That may be the biggest disconnect between early satellite service and what we have today ... in the "good old days" of DBS there was a lot more investment by the customer. Buying their own equipment and perhaps getting a rebate spread out over 20 months. A new customer might get a free basic install ($99 value) but the idea that one would get free equipment, free install, $20 off for a year, free programming.

The competition with cable companies that rely on introductory offers to survive (especially in the past few years as subscribers dropped) drove DirecTV to match the introductory offers and eventually DISH followed along. Then the existing customers got mad and started bouncing back and forth between providers to get better deals.

Some would say that satellite companies have lost touch with their customers ... that the days of Charlie and Rupert caring about their customers are as gone as having those people as the public face of the companies. But the customers seem to have lost touch with the satellite providers as well ... not understanding that the great lengths that they go to to get the signals to our homes - or simply not caring.



dualsub2006 said:


> He should be able to ask for anything that he wants.


Anyone can ask, for anything ... just keep expectations in check.

I would not expect a second Hopper for free and if anyone offered me the second one for less than $199 I'd want the offer in writing before I accepted it. (Ok, I might accept the second Hopper for $99 if there was a valid explanation for the discount.)


----------



## tampa8 (Mar 30, 2002)

dualsub2006 said:


> Their monthly rental fees are in line with what Dish charges for a DVR, and substantially higher than what DIRECTV charges, but they'll leave anything that I want behind and won't charge me a dime for it beyond the monthly fees that we've all resigned ourselves to paying for a DVR.

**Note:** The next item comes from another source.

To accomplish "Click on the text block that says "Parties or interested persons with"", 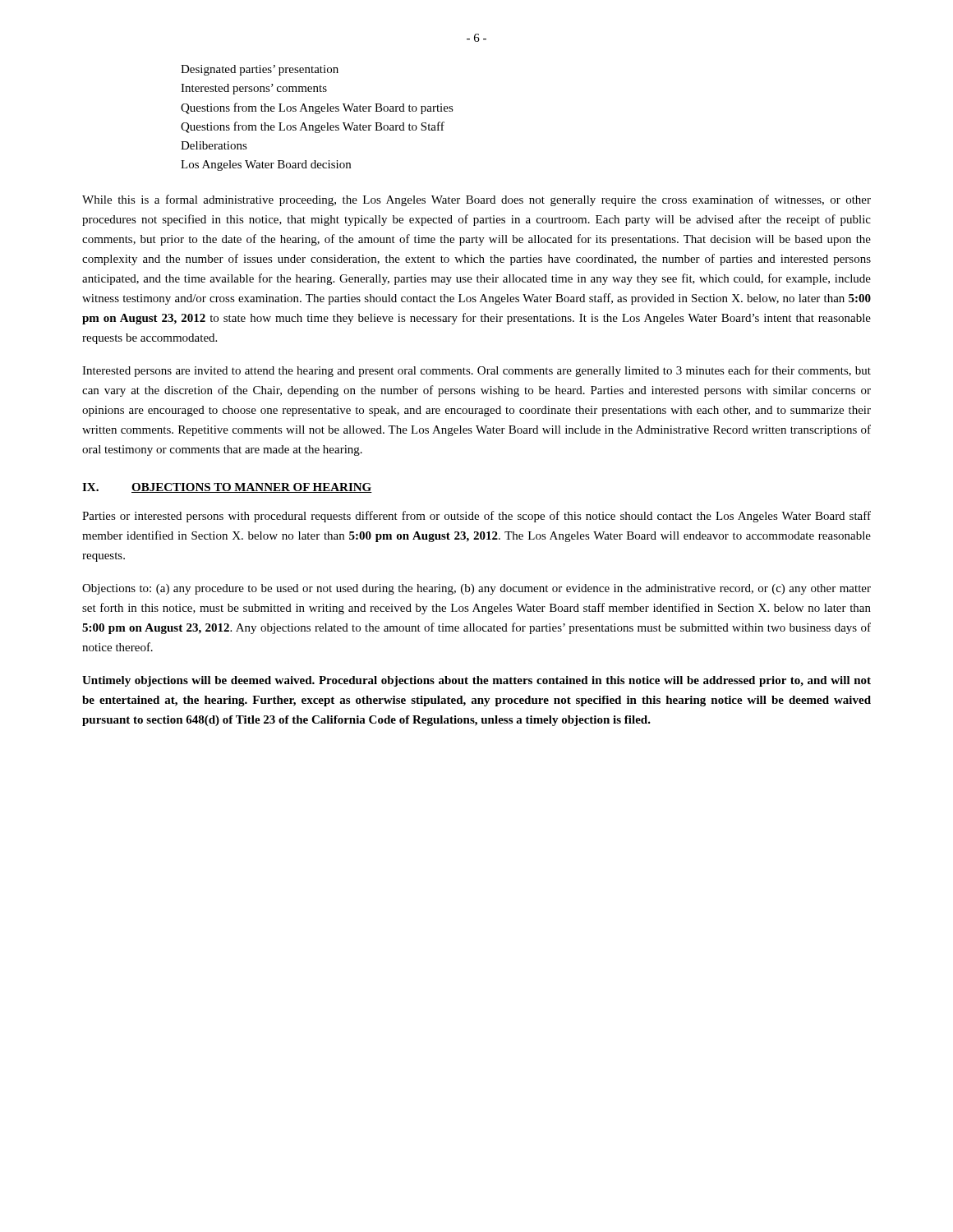I will [x=476, y=535].

Doesn't Fios, as an example charge $15.99 for the _first_ DVR? The Dish charge is $6.(As a DVR fee) Then the second DVR is $14.99 with Fios, Dish is $10? Those prices are "in line?" If you are willing to pay Dish the Fios fees, maybe they will be willing to upgrade for free too.


----------



## jacmyoung (Sep 9, 2006)

I have the same issue with the OP, we need more than three tuners. The three-tuner limitation of the Hopper forces some of us to have a two-Hopper system. However if I could get two Hoppers for $50 I would have switched from DirecTV to Dish. But Dish wanted $300 more for an extra Hopper/Joe combo.

I am curious if the OP actually got the second Hopper for $50 or not.


----------



## dualsub2006 (Aug 29, 2007)

"tampa8" said:


> Doesn't Fios, as an example charge $15.99 for the first DVR? The Dish charge is $6.(As a DVR fee) Then the second DVR is $14.99 with Fios, Dish is $10?


I don't know what FiOS charges. I specifically called out TW and Cincinnati Bell when I posted that.


----------



## Inkosaurus (Jul 29, 2011)

> Its well beyond ridiculous to say that he is being shady, or that he has some sense of entitlement to expect 2 free Hoppers.


Except no body gets a second hopper free. To sit there and say this


> and I had the guy down to $50 on the second one with the first being free. Not good enough, I said no.


Wreaks of entitlement issues. Nobody gets a second hopper free, but this guy manages to get a second one down to 50$ and he still says no.
Yes everyone should get the chance to ask for something but more often then not they forget there talking to a company and not bartering with some street side vendor.



> Dish wants this guy's business or they don't. He CAN find as many free DVR's as he wants. It's up to Dish to decide if they can do it or not.


Thats all well and good except for the fact that he called Dish, Before he called in with his demands he was nobody on Dish's radar and still is.


----------



## tampa8 (Mar 30, 2002)

dualsub2006 said:


> I don't know what FiOS charges. I specifically called out TW and Cincinnati Bell when I posted that.


Ok, TWC..
Equipment Charges Back to Top Digital, HD, DVR, HD-DVR Receiver. (Includes Remote Control) *$6.50* /mo DVR, HD DVR Service Fee (per DVR) 
DVR or HD DVR Receivers require subscription to Digital Video Recorder Service. *$10.95* /month

That's for the _first_ receiver. Not remotely as low as Dish, again who is at $6 only (DVR fee) as compared to $17.45

http://www.timewarnercable.com/Barstow/support/ratespricing.html

I've been following prices for a very long time, while there can always be exceptions, Cable is NOT less than Dish for fees or as you put it "in line with" You are paying a premium to have the choice to upgrade with no cost. Only thing is, it's not at no cost.


----------